Les McDowall became manager in 1950, and managed the Blues for more league seasons than any other manager. Known for his tactical awareness, McDowall's implementation of a system known as the Revie Plan resulted in two FA Cup final appearances, a defeat in 1955 and a victory in 1956. McDowall resigned following relegation in 1963, and his assistant George Poyser became manager. Poyser proved unsuited to the manager's role, and was sacked in 1965. Joe Mercer was appointed, and the club's golden era began. Mercer became the club's most successful manager in terms of trophies won, winning the League Championship, the FA Cup, the League Cup and the European Cup Winners' Cup in his six years at the helm. Over time Mercer's assistant Malcolm Allison sought a progressively larger say in non-coaching matters, and in October 1971 he took sole control of the first team, with Mercer becoming "general manager".

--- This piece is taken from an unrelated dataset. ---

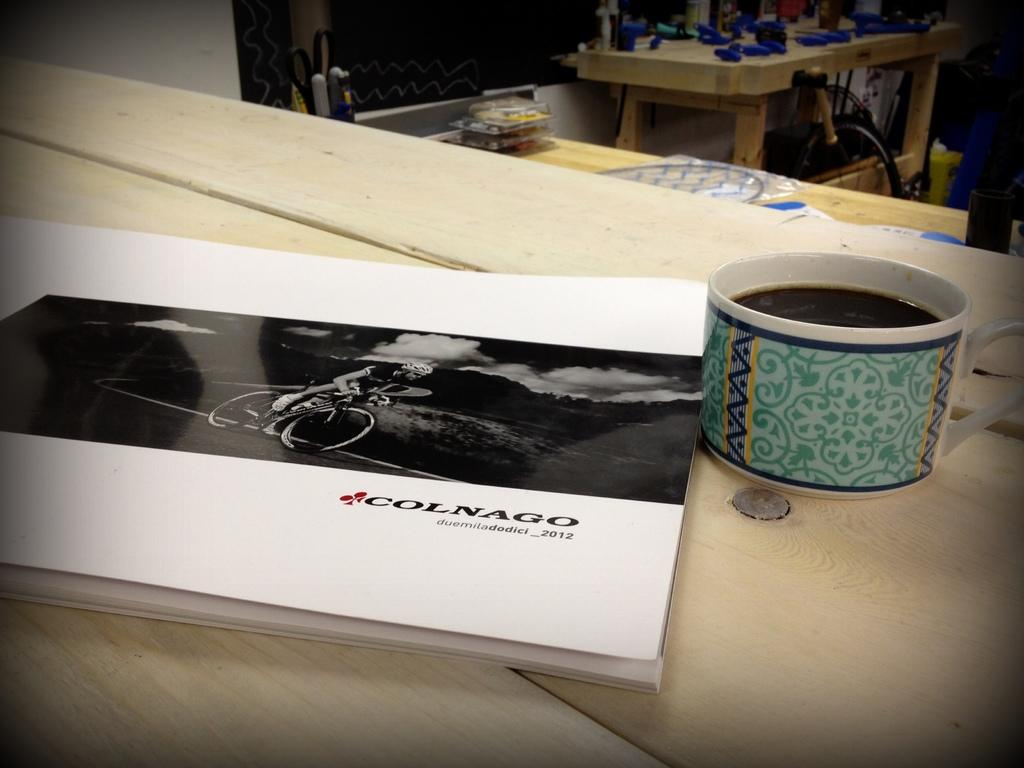What objects can be seen on the table in the image? There are scissors, markers, a box, a book, and a cup of drink on the table in the image. What might be used for cutting in the image? Scissors can be used for cutting in the image. What might be used for drawing or coloring in the image? Markers can be used for drawing or coloring in the image. What might be used for holding or storing items in the image? The box can be used for holding or storing items in the image. What might be used for reading in the image? The book can be used for reading in the image. What might be used for drinking in the image? The cup of drink can be used for drinking in the image. How many frogs are sitting on the table in the image? There are no frogs present on the table in the image. What type of badge can be seen on the book in the image? There is no badge present on the book in the image.

During Peter Swales' time as Manchester City chairman the tenure of managers was frequently brief, as between 1973 and 1994 eleven managers were appointed. The first of these was Ron Saunders, after ill health had forced Johnny Hart to leave the post. Saunders was sacked after only six months, and club stalwart Tony Book took over. Book managed the club for five years, winning the League Cup in 1976. Malcolm Allison, who had rejoined the coaching staff in January 1979, made an ill-fated return to the manager's role later that year, a spell noted more for financial excess than on-pitch success. A further six managers (John Bond, John Benson, Billy McNeill, Jimmy Frizzell, Mel Machin and Howard Kendall) were appointed in the 1980s, with none lasting more than three years amid a series of promotions and relegations. An upturn in results occurred during Peter Reid's management, the club achieving consecutive fifth-place finishes, but a deterioration in Reid's relationship with the board signalled the end of his spell at the club. Brian Horton arrived from Oxford to sceptical newspaper headlines of "Brian Who?", but developed a reputation for attractive football. Swales was replaced as chairman by former City striker Francis Lee. Lee wanted to bring in his own man, and in the 1995 close season he replaced Horton with Alan Ball, whose sole full season resulted in relegation.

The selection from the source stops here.